否:震災の話題自体はあまりメインではないので、その辺りの期待外れはありそう。展開も静かなので、眠くなるかも。


ラブシーン・・・基本的にはなし
グロシーン・・・なし
アクションシーン・・・なし
怖シーン・・・基本的にはなし


 阪神・淡路大震災20周年/サンテレビジョン開局45周年記念作品です。震災を知らない大学生達の姿を描きます。


 主人公の桂(藤本泉)は、この春から神戸の大学に通う1年生。父親の仕事の都合で神戸に引っ越してきたばかりの彼女は、とても内気で引っ込み思案な性格で、明るくてハッキリと物を言う関西の気風に、あまり馴染めないでいました。そんな彼女は、大学のオリエンテーションで偶然席が近くになった3人(しっかり者の和歌子・モデルだが飾らない洋子・お調子者の高美)と、半ば無理やり仲良くなります。


 ある日、1人で公園を通りかかってベンチに座った桂は、隣りに座っていた女性(竹下景子)から、お団子をもらいます。彼女は遠くに見えるマンションを指差し、
「昔はあそこに私達の家があった。でも震災で崩れ、住めなくなってしまった。」
と語ります。しかし、震災の日から2日後に産まれた桂は、当時のことをよく知らずに、戸惑ってしまうのでした。

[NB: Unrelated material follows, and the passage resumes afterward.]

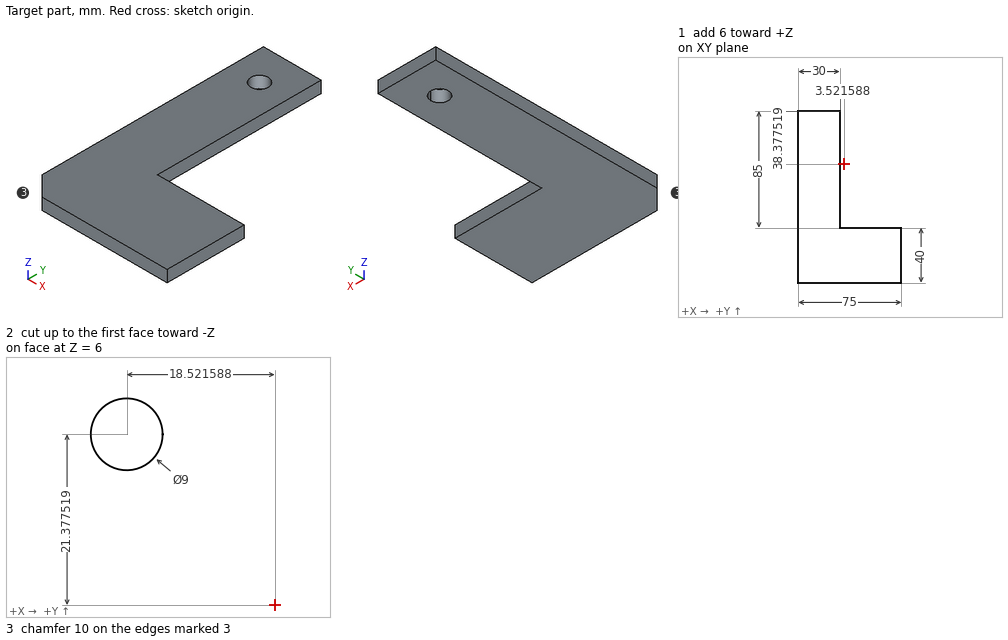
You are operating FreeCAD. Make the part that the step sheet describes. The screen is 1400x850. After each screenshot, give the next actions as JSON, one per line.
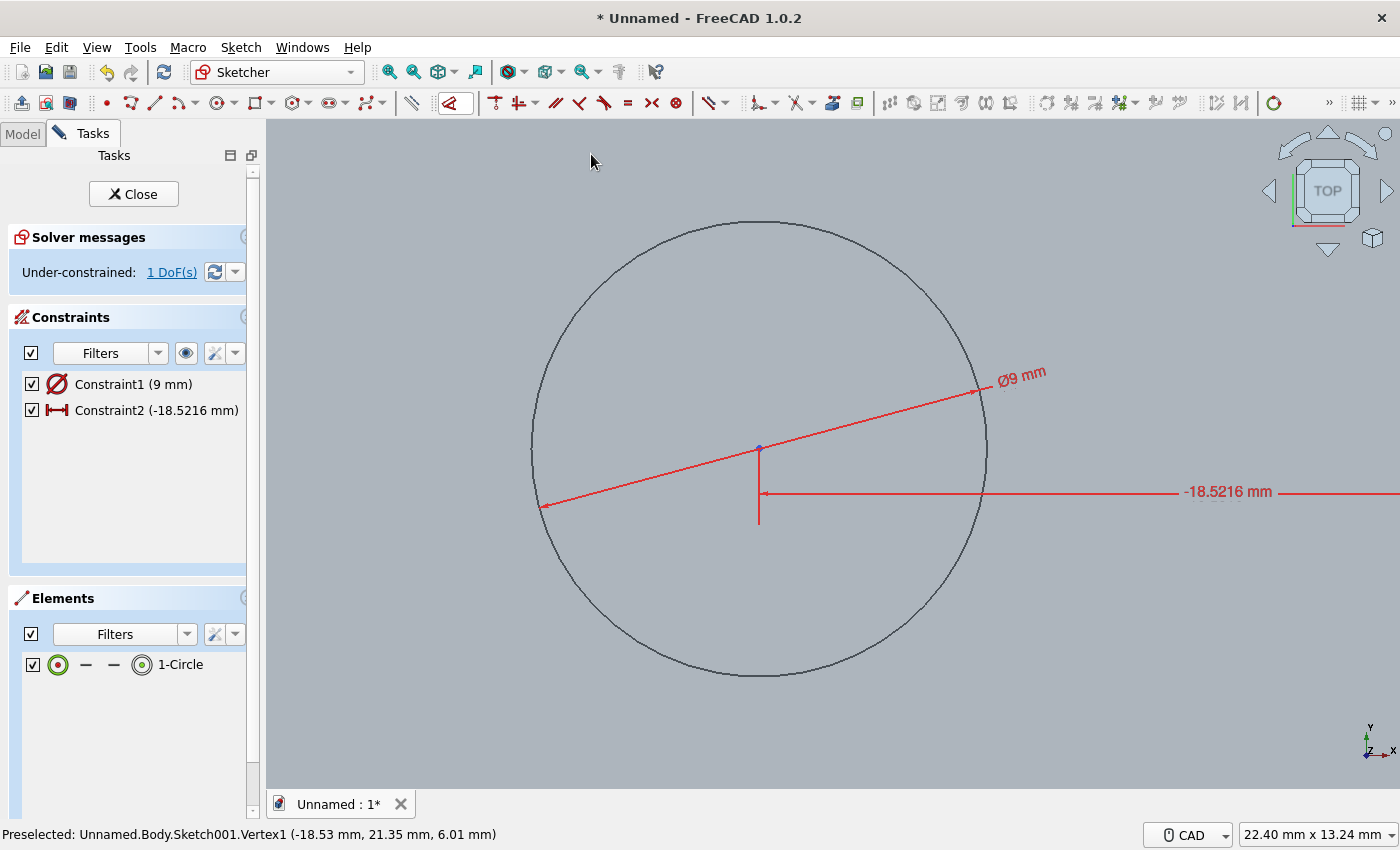
{"action": "left_click", "coordinate": [759, 449]}

 そんな桂には、神戸に来てどうしても逢いたかった人がいました。それは、交通事故で半身不随になりながらも、イラストレーターとして活躍している日広洋次。1年前、友人の中で1人だけ受験に失敗し、可愛がっていた猫とも死別してしまい、すっかり自信と元気をなくしていた桂を立ち直らせてくれたのが、他ならぬ日広の描いたイラストでした。彼の画廊を訪れたのがきっかけで、桂は憧れの日広の仕事を手伝うようになります。しかし、相変わらず神戸の街には馴染めずにいる桂。そんな彼を、和歌子達や日広は温かく見守るのでしたが・・・。


 他人と上手く話せず、すぐに周りと比べてしまい、
「私なんて・・・」
が口癖の主人公が、
「君は君のままでイイんだよ。」
と言ってくれる人達に出逢い、少しずつ人間的に大きくなっていく様子に、思わず涙腺が緩くなります。個人的には、松尾貴史さん演じる、ゲイで元オペラ歌手の喫茶店のマスターの役がステキです(笑)。その反面、あまり震災自体をメインにしたお話ではないので、その辺り、
「想像していたものとは違った・・・」
という印象があるかも知れません。


 とはいえ、途中で震災当時の実際の様子が流れたり、東日本大震災のことが出てきたりと、震災がお話とは切っても切れない存在であることもまた事実。大切なことを忘れないためにも、大切な人と是非ご覧になっていただきたい作品です。


【ワンチャン・ポイント】
※藤本泉さん・・・本作の主演で、とてもほんわかした雰囲気のステキな女優さん。最近では他にも、「小川町セレナーデ」での偽オカマバーの店員役ですとか、「アオハライド」での主人公の親友役、そして「紙の月」での池松壮亮さんと浮気する同級生役などでご出演。今後ますます期待の方ですね。